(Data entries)
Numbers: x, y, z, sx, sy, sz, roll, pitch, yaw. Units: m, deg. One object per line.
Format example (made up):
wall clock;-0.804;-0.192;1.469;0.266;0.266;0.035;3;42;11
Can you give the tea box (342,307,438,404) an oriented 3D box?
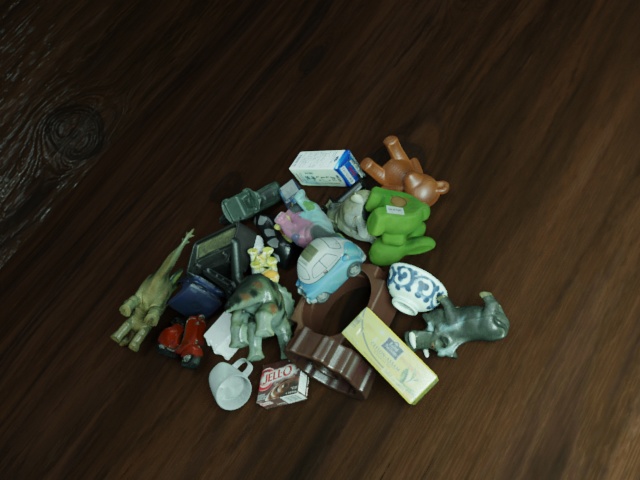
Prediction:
tea box;0.125;0.206;0.950;0.068;0.098;0.170;-46;69;-3

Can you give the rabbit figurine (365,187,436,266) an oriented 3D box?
rabbit figurine;0.163;-0.018;1.169;0.159;0.170;0.121;1;41;-12

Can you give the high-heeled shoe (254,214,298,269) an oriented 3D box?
high-heeled shoe;-0.129;0.003;1.483;0.249;0.086;0.145;0;83;63

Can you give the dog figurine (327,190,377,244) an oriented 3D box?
dog figurine;0.067;-0.069;1.278;0.191;0.172;0.121;21;58;42

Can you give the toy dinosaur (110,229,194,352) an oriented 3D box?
toy dinosaur;-0.465;0.156;1.492;0.471;0.105;0.199;-49;12;35

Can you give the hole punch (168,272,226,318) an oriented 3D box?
hole punch;-0.330;0.155;1.442;0.116;0.142;0.092;-18;40;48

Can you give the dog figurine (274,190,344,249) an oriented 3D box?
dog figurine;-0.003;-0.004;1.296;0.108;0.219;0.191;-46;-5;-10

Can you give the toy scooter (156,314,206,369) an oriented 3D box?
toy scooter;-0.350;0.248;1.391;0.184;0.075;0.135;10;80;46

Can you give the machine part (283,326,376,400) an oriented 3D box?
machine part;0.020;0.234;1.018;0.180;0.179;0.056;7;55;45

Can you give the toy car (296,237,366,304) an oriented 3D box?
toy car;0.006;0.048;1.125;0.161;0.102;0.109;-42;36;-4

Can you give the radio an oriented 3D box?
radio;-0.283;0.046;1.511;0.230;0.073;0.131;-22;47;42

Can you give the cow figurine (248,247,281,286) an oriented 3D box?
cow figurine;-0.138;0.090;1.349;0.068;0.098;0.167;-7;26;-11

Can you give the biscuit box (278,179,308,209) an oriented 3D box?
biscuit box;-0.055;-0.092;1.491;0.059;0.062;0.203;-37;38;6

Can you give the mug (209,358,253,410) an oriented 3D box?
mug;-0.204;0.311;1.213;0.109;0.080;0.107;-55;30;-8

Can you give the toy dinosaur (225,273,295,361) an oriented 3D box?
toy dinosaur;-0.126;0.141;1.134;0.131;0.404;0.192;-9;61;0

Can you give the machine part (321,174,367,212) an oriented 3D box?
machine part;0.066;-0.114;1.427;0.139;0.039;0.084;-43;29;2

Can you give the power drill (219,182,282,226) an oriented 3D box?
power drill;-0.219;-0.094;1.571;0.232;0.086;0.207;-26;-3;8

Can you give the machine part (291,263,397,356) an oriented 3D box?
machine part;0.054;0.149;1.138;0.201;0.087;0.201;5;58;44

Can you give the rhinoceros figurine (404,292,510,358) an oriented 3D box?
rhinoceros figurine;0.246;0.160;0.973;0.190;0.073;0.112;-16;53;28

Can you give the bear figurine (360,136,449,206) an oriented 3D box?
bear figurine;0.200;-0.147;1.268;0.120;0.131;0.196;-43;31;4

* **Problem to work on**
Only what runs from the line containing "Can you give the bear" through the final line of the entries above belongs in the answer, restated exactly.

* **Written answer**
Can you give the bear figurine (360,136,449,206) an oriented 3D box?
bear figurine;0.200;-0.147;1.268;0.120;0.131;0.196;-43;31;4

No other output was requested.